Stored records:
● ● ● ●

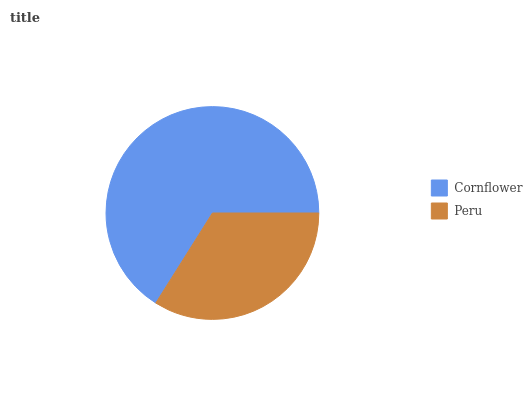Is Peru the minimum?
Answer yes or no. Yes. Is Cornflower the maximum?
Answer yes or no. Yes. Is Peru the maximum?
Answer yes or no. No. Is Cornflower greater than Peru?
Answer yes or no. Yes. Is Peru less than Cornflower?
Answer yes or no. Yes. Is Peru greater than Cornflower?
Answer yes or no. No. Is Cornflower less than Peru?
Answer yes or no. No. Is Cornflower the high median?
Answer yes or no. Yes. Is Peru the low median?
Answer yes or no. Yes. Is Peru the high median?
Answer yes or no. No. Is Cornflower the low median?
Answer yes or no. No.

● ● ● ●

→ **Problem statement**
Scan the entries for lines holding the string "Cornflower", then copy every one of them.

→ **Response to the exercise**
Answer yes or no. Yes. Is Cornflower the maximum?
Answer yes or no. No. Is Cornflower greater than Peru?
Answer yes or no. Yes. Is Peru less than Cornflower?
Answer yes or no. Yes. Is Peru greater than Cornflower?
Answer yes or no. No. Is Cornflower less than Peru?
Answer yes or no. No. Is Cornflower the high median?
Answer yes or no. No. Is Cornflower the low median?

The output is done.